Our study is the first investigation into GLO1 alterations and enzymatic activity in schizophrenics, and to highlight its link to idiopathic carbonyl stress, defined as pentosidine accumulation and pyridoxal depletion. Although more studies are needed to understand the molecular mechanisms precipitated by carbonyl stress in the central nervous system, carbonyl stress undoubtedly represents a new target for medication without neurotransmitter-based concepts in the treatment of schizophrenia. In particular, schizophrenic patients with low pyridoxal and high pentosidine may well benefit clinically from pyridoxamine treatment. A better understanding of the molecular mechanisms that promote the pathophysiology of carbonyl stress-related schizophrenia could drive improvements in difficult-to-treat negative symptoms and cognitive dysfunction, thereby improving the quality of life for patients.

Future omics studies combining comprehensive molecular and clinical information will lead to new discoveries, allowing for more accurate diagnostic subdivisions for schizophrenia and subsequent treatment regimens.
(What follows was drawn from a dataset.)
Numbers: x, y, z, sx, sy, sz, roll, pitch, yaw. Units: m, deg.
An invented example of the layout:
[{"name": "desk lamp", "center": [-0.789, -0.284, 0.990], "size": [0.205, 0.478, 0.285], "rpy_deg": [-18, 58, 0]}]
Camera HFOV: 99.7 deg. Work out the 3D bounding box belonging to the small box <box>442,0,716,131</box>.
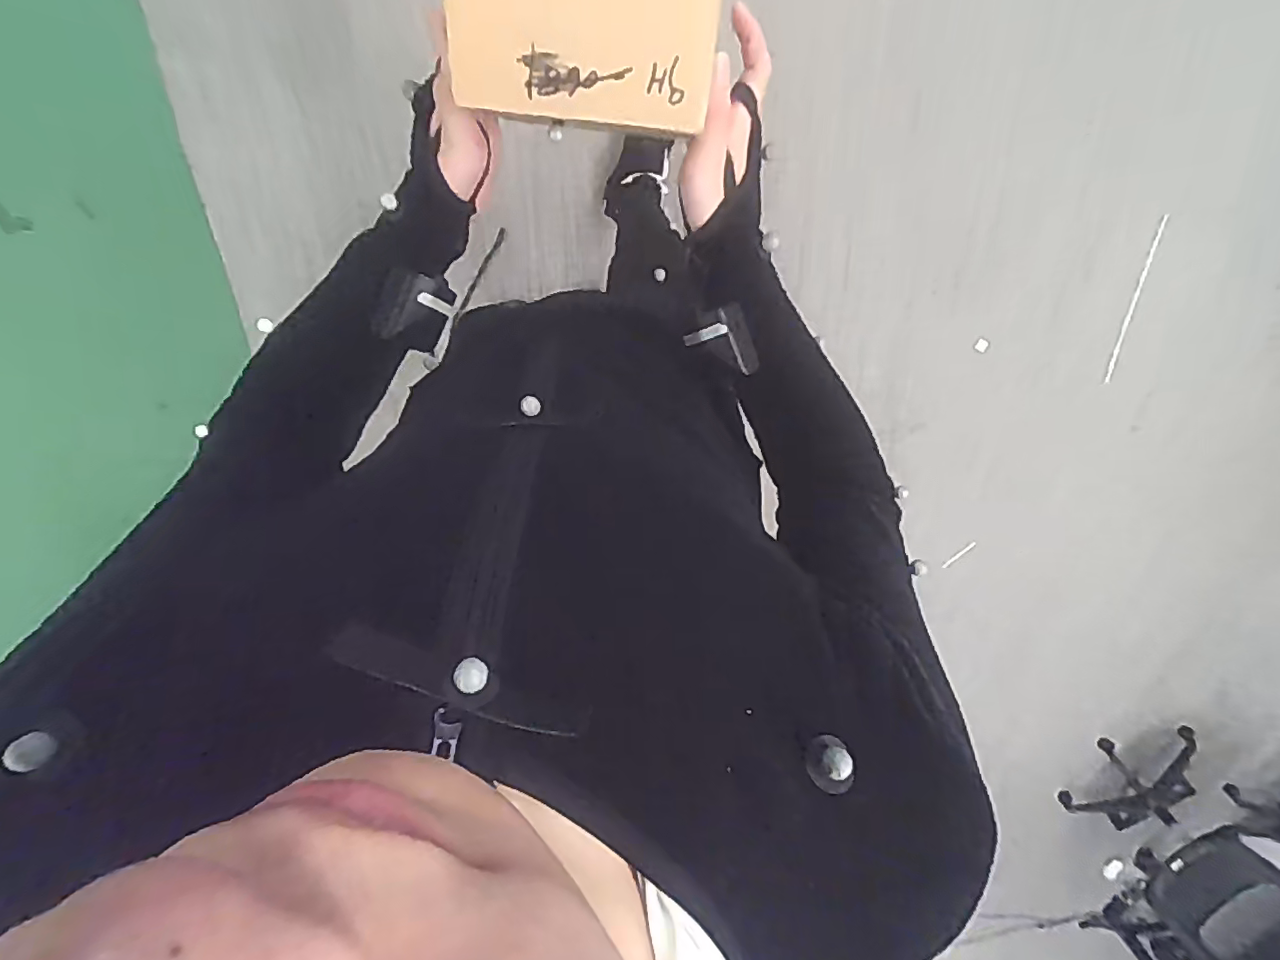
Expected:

This study was supported by a grant from the Strategic Young Researcher Overseas Visits Program for Accelerating Brain Circulation by the Japan Society for the Promotion of Science fellowship: The collaborative study between Japan and United Kingdom on molecular mechanisms of glycation and oxidative stress in psychiatric disorders. We especially thank Professor Paul J. Thornalley and Dr Naila Rabbani. We thank members of the host research teams for technical assistance: Drs Mingzhan Xue, Jinit Masania, Fozia Shaheen and Attia Anwar in Clinical Sciences Research Laboratories, Warwick Medical School, University of Warwick, University Hospital. We also thank Hiroko Yuzawa at the Institute of Medical Sciences, Tokai University for the measurement of plasma pentosidine levels. We are grateful for the expert technical assistance of Izumi Nohara, Mayumi Arai and Nanako Obata. Additionally, we thank Ikuyo Kito and Sachie Kogoku at Tokyo Metropolitan Institute of Medical Science for assistance with the preparation of this manuscript.